TASK REQUIREMENTS: Give the data again exactly, without images.

----------

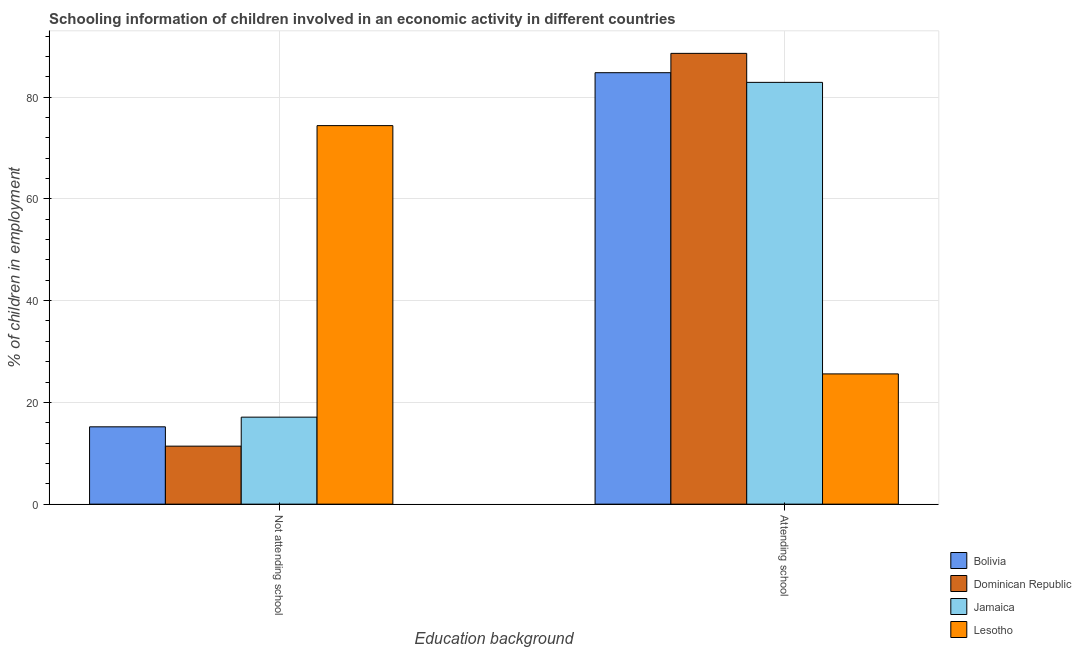Are the number of bars per tick equal to the number of legend labels?
Provide a succinct answer. Yes. Are the number of bars on each tick of the X-axis equal?
Your answer should be compact. Yes. How many bars are there on the 2nd tick from the right?
Make the answer very short. 4. What is the label of the 1st group of bars from the left?
Provide a succinct answer. Not attending school. What is the percentage of employed children who are not attending school in Lesotho?
Your answer should be compact. 74.4. Across all countries, what is the maximum percentage of employed children who are not attending school?
Provide a short and direct response. 74.4. In which country was the percentage of employed children who are attending school maximum?
Keep it short and to the point. Dominican Republic. In which country was the percentage of employed children who are attending school minimum?
Your answer should be compact. Lesotho. What is the total percentage of employed children who are attending school in the graph?
Provide a short and direct response. 281.9. What is the difference between the percentage of employed children who are attending school in Bolivia and that in Lesotho?
Keep it short and to the point. 59.2. What is the difference between the percentage of employed children who are not attending school in Dominican Republic and the percentage of employed children who are attending school in Bolivia?
Your answer should be compact. -73.4. What is the average percentage of employed children who are not attending school per country?
Your answer should be very brief. 29.53. What is the difference between the percentage of employed children who are not attending school and percentage of employed children who are attending school in Jamaica?
Your answer should be very brief. -65.8. What is the ratio of the percentage of employed children who are not attending school in Lesotho to that in Bolivia?
Give a very brief answer. 4.89. Is the percentage of employed children who are not attending school in Jamaica less than that in Bolivia?
Your answer should be very brief. No. What does the 2nd bar from the left in Attending school represents?
Your response must be concise. Dominican Republic. What does the 2nd bar from the right in Attending school represents?
Keep it short and to the point. Jamaica. How many bars are there?
Your answer should be very brief. 8. Are all the bars in the graph horizontal?
Ensure brevity in your answer.  No. How many countries are there in the graph?
Keep it short and to the point. 4. What is the difference between two consecutive major ticks on the Y-axis?
Your response must be concise. 20. Does the graph contain grids?
Keep it short and to the point. Yes. What is the title of the graph?
Offer a terse response. Schooling information of children involved in an economic activity in different countries. Does "Korea (Republic)" appear as one of the legend labels in the graph?
Ensure brevity in your answer.  No. What is the label or title of the X-axis?
Provide a short and direct response. Education background. What is the label or title of the Y-axis?
Offer a terse response. % of children in employment. What is the % of children in employment in Bolivia in Not attending school?
Your answer should be very brief. 15.2. What is the % of children in employment of Jamaica in Not attending school?
Your answer should be very brief. 17.1. What is the % of children in employment in Lesotho in Not attending school?
Offer a terse response. 74.4. What is the % of children in employment in Bolivia in Attending school?
Make the answer very short. 84.8. What is the % of children in employment of Dominican Republic in Attending school?
Provide a succinct answer. 88.6. What is the % of children in employment in Jamaica in Attending school?
Provide a succinct answer. 82.9. What is the % of children in employment of Lesotho in Attending school?
Your response must be concise. 25.6. Across all Education background, what is the maximum % of children in employment in Bolivia?
Your answer should be very brief. 84.8. Across all Education background, what is the maximum % of children in employment in Dominican Republic?
Your answer should be compact. 88.6. Across all Education background, what is the maximum % of children in employment of Jamaica?
Give a very brief answer. 82.9. Across all Education background, what is the maximum % of children in employment in Lesotho?
Give a very brief answer. 74.4. Across all Education background, what is the minimum % of children in employment of Bolivia?
Your answer should be compact. 15.2. Across all Education background, what is the minimum % of children in employment in Dominican Republic?
Offer a very short reply. 11.4. Across all Education background, what is the minimum % of children in employment in Lesotho?
Provide a succinct answer. 25.6. What is the total % of children in employment of Jamaica in the graph?
Ensure brevity in your answer.  100. What is the difference between the % of children in employment in Bolivia in Not attending school and that in Attending school?
Offer a terse response. -69.6. What is the difference between the % of children in employment in Dominican Republic in Not attending school and that in Attending school?
Keep it short and to the point. -77.2. What is the difference between the % of children in employment in Jamaica in Not attending school and that in Attending school?
Your answer should be very brief. -65.8. What is the difference between the % of children in employment in Lesotho in Not attending school and that in Attending school?
Offer a terse response. 48.8. What is the difference between the % of children in employment of Bolivia in Not attending school and the % of children in employment of Dominican Republic in Attending school?
Keep it short and to the point. -73.4. What is the difference between the % of children in employment of Bolivia in Not attending school and the % of children in employment of Jamaica in Attending school?
Your answer should be very brief. -67.7. What is the difference between the % of children in employment of Dominican Republic in Not attending school and the % of children in employment of Jamaica in Attending school?
Ensure brevity in your answer.  -71.5. What is the average % of children in employment of Bolivia per Education background?
Give a very brief answer. 50. What is the difference between the % of children in employment in Bolivia and % of children in employment in Jamaica in Not attending school?
Give a very brief answer. -1.9. What is the difference between the % of children in employment in Bolivia and % of children in employment in Lesotho in Not attending school?
Your answer should be very brief. -59.2. What is the difference between the % of children in employment of Dominican Republic and % of children in employment of Jamaica in Not attending school?
Your answer should be very brief. -5.7. What is the difference between the % of children in employment of Dominican Republic and % of children in employment of Lesotho in Not attending school?
Give a very brief answer. -63. What is the difference between the % of children in employment in Jamaica and % of children in employment in Lesotho in Not attending school?
Make the answer very short. -57.3. What is the difference between the % of children in employment in Bolivia and % of children in employment in Lesotho in Attending school?
Make the answer very short. 59.2. What is the difference between the % of children in employment of Dominican Republic and % of children in employment of Jamaica in Attending school?
Offer a very short reply. 5.7. What is the difference between the % of children in employment in Dominican Republic and % of children in employment in Lesotho in Attending school?
Keep it short and to the point. 63. What is the difference between the % of children in employment of Jamaica and % of children in employment of Lesotho in Attending school?
Provide a succinct answer. 57.3. What is the ratio of the % of children in employment of Bolivia in Not attending school to that in Attending school?
Your answer should be compact. 0.18. What is the ratio of the % of children in employment of Dominican Republic in Not attending school to that in Attending school?
Provide a succinct answer. 0.13. What is the ratio of the % of children in employment in Jamaica in Not attending school to that in Attending school?
Make the answer very short. 0.21. What is the ratio of the % of children in employment in Lesotho in Not attending school to that in Attending school?
Give a very brief answer. 2.91. What is the difference between the highest and the second highest % of children in employment in Bolivia?
Offer a very short reply. 69.6. What is the difference between the highest and the second highest % of children in employment of Dominican Republic?
Offer a terse response. 77.2. What is the difference between the highest and the second highest % of children in employment of Jamaica?
Keep it short and to the point. 65.8. What is the difference between the highest and the second highest % of children in employment of Lesotho?
Ensure brevity in your answer.  48.8. What is the difference between the highest and the lowest % of children in employment of Bolivia?
Make the answer very short. 69.6. What is the difference between the highest and the lowest % of children in employment of Dominican Republic?
Provide a succinct answer. 77.2. What is the difference between the highest and the lowest % of children in employment of Jamaica?
Offer a very short reply. 65.8. What is the difference between the highest and the lowest % of children in employment of Lesotho?
Offer a very short reply. 48.8.

----------

WRITTEN ANSWER:
Are the number of bars per tick equal to the number of legend labels?
Provide a succinct answer. Yes. Are the number of bars on each tick of the X-axis equal?
Your answer should be compact. Yes. How many bars are there on the 2nd tick from the right?
Make the answer very short. 4. What is the label of the 1st group of bars from the left?
Provide a succinct answer. Not attending school. What is the percentage of employed children who are not attending school in Lesotho?
Your answer should be compact. 74.4. Across all countries, what is the maximum percentage of employed children who are not attending school?
Provide a short and direct response. 74.4. In which country was the percentage of employed children who are attending school maximum?
Keep it short and to the point. Dominican Republic. In which country was the percentage of employed children who are attending school minimum?
Your answer should be compact. Lesotho. What is the total percentage of employed children who are attending school in the graph?
Provide a short and direct response. 281.9. What is the difference between the percentage of employed children who are attending school in Bolivia and that in Lesotho?
Keep it short and to the point. 59.2. What is the difference between the percentage of employed children who are not attending school in Dominican Republic and the percentage of employed children who are attending school in Bolivia?
Your answer should be compact. -73.4. What is the average percentage of employed children who are not attending school per country?
Your answer should be very brief. 29.53. What is the difference between the percentage of employed children who are not attending school and percentage of employed children who are attending school in Jamaica?
Your answer should be very brief. -65.8. What is the ratio of the percentage of employed children who are not attending school in Lesotho to that in Bolivia?
Give a very brief answer. 4.89. Is the percentage of employed children who are not attending school in Jamaica less than that in Bolivia?
Your answer should be very brief. No. What does the 2nd bar from the left in Attending school represents?
Your response must be concise. Dominican Republic. What does the 2nd bar from the right in Attending school represents?
Keep it short and to the point. Jamaica. How many bars are there?
Your answer should be very brief. 8. Are all the bars in the graph horizontal?
Ensure brevity in your answer.  No. How many countries are there in the graph?
Keep it short and to the point. 4. What is the difference between two consecutive major ticks on the Y-axis?
Your response must be concise. 20. Does the graph contain grids?
Keep it short and to the point. Yes. What is the title of the graph?
Offer a terse response. Schooling information of children involved in an economic activity in different countries. Does "Korea (Republic)" appear as one of the legend labels in the graph?
Ensure brevity in your answer.  No. What is the label or title of the X-axis?
Provide a short and direct response. Education background. What is the label or title of the Y-axis?
Offer a terse response. % of children in employment. What is the % of children in employment in Bolivia in Not attending school?
Your answer should be very brief. 15.2. What is the % of children in employment of Jamaica in Not attending school?
Your answer should be very brief. 17.1. What is the % of children in employment in Lesotho in Not attending school?
Offer a terse response. 74.4. What is the % of children in employment in Bolivia in Attending school?
Make the answer very short. 84.8. What is the % of children in employment of Dominican Republic in Attending school?
Provide a succinct answer. 88.6. What is the % of children in employment in Jamaica in Attending school?
Provide a succinct answer. 82.9. What is the % of children in employment of Lesotho in Attending school?
Your response must be concise. 25.6. Across all Education background, what is the maximum % of children in employment in Bolivia?
Your answer should be very brief. 84.8. Across all Education background, what is the maximum % of children in employment in Dominican Republic?
Your answer should be compact. 88.6. Across all Education background, what is the maximum % of children in employment of Jamaica?
Give a very brief answer. 82.9. Across all Education background, what is the maximum % of children in employment in Lesotho?
Give a very brief answer. 74.4. Across all Education background, what is the minimum % of children in employment of Bolivia?
Your answer should be compact. 15.2. Across all Education background, what is the minimum % of children in employment in Dominican Republic?
Offer a very short reply. 11.4. Across all Education background, what is the minimum % of children in employment in Lesotho?
Provide a succinct answer. 25.6. What is the total % of children in employment of Jamaica in the graph?
Ensure brevity in your answer.  100. What is the difference between the % of children in employment in Bolivia in Not attending school and that in Attending school?
Offer a terse response. -69.6. What is the difference between the % of children in employment in Dominican Republic in Not attending school and that in Attending school?
Keep it short and to the point. -77.2. What is the difference between the % of children in employment in Jamaica in Not attending school and that in Attending school?
Your answer should be very brief. -65.8. What is the difference between the % of children in employment in Lesotho in Not attending school and that in Attending school?
Offer a terse response. 48.8. What is the difference between the % of children in employment of Bolivia in Not attending school and the % of children in employment of Dominican Republic in Attending school?
Keep it short and to the point. -73.4. What is the difference between the % of children in employment of Bolivia in Not attending school and the % of children in employment of Jamaica in Attending school?
Your answer should be very brief. -67.7. What is the difference between the % of children in employment of Dominican Republic in Not attending school and the % of children in employment of Jamaica in Attending school?
Ensure brevity in your answer.  -71.5. What is the average % of children in employment of Bolivia per Education background?
Give a very brief answer. 50. What is the difference between the % of children in employment in Bolivia and % of children in employment in Jamaica in Not attending school?
Give a very brief answer. -1.9. What is the difference between the % of children in employment in Bolivia and % of children in employment in Lesotho in Not attending school?
Your answer should be very brief. -59.2. What is the difference between the % of children in employment of Dominican Republic and % of children in employment of Jamaica in Not attending school?
Your answer should be very brief. -5.7. What is the difference between the % of children in employment of Dominican Republic and % of children in employment of Lesotho in Not attending school?
Give a very brief answer. -63. What is the difference between the % of children in employment in Jamaica and % of children in employment in Lesotho in Not attending school?
Make the answer very short. -57.3. What is the difference between the % of children in employment in Bolivia and % of children in employment in Lesotho in Attending school?
Make the answer very short. 59.2. What is the difference between the % of children in employment of Dominican Republic and % of children in employment of Jamaica in Attending school?
Offer a very short reply. 5.7. What is the difference between the % of children in employment in Dominican Republic and % of children in employment in Lesotho in Attending school?
Keep it short and to the point. 63. What is the difference between the % of children in employment of Jamaica and % of children in employment of Lesotho in Attending school?
Provide a succinct answer. 57.3. What is the ratio of the % of children in employment of Bolivia in Not attending school to that in Attending school?
Your answer should be compact. 0.18. What is the ratio of the % of children in employment of Dominican Republic in Not attending school to that in Attending school?
Provide a succinct answer. 0.13. What is the ratio of the % of children in employment in Jamaica in Not attending school to that in Attending school?
Make the answer very short. 0.21. What is the ratio of the % of children in employment in Lesotho in Not attending school to that in Attending school?
Give a very brief answer. 2.91. What is the difference between the highest and the second highest % of children in employment in Bolivia?
Offer a very short reply. 69.6. What is the difference between the highest and the second highest % of children in employment of Dominican Republic?
Offer a terse response. 77.2. What is the difference between the highest and the second highest % of children in employment of Jamaica?
Keep it short and to the point. 65.8. What is the difference between the highest and the second highest % of children in employment of Lesotho?
Ensure brevity in your answer.  48.8. What is the difference between the highest and the lowest % of children in employment of Bolivia?
Make the answer very short. 69.6. What is the difference between the highest and the lowest % of children in employment of Dominican Republic?
Provide a succinct answer. 77.2. What is the difference between the highest and the lowest % of children in employment of Jamaica?
Offer a very short reply. 65.8. What is the difference between the highest and the lowest % of children in employment of Lesotho?
Offer a very short reply. 48.8.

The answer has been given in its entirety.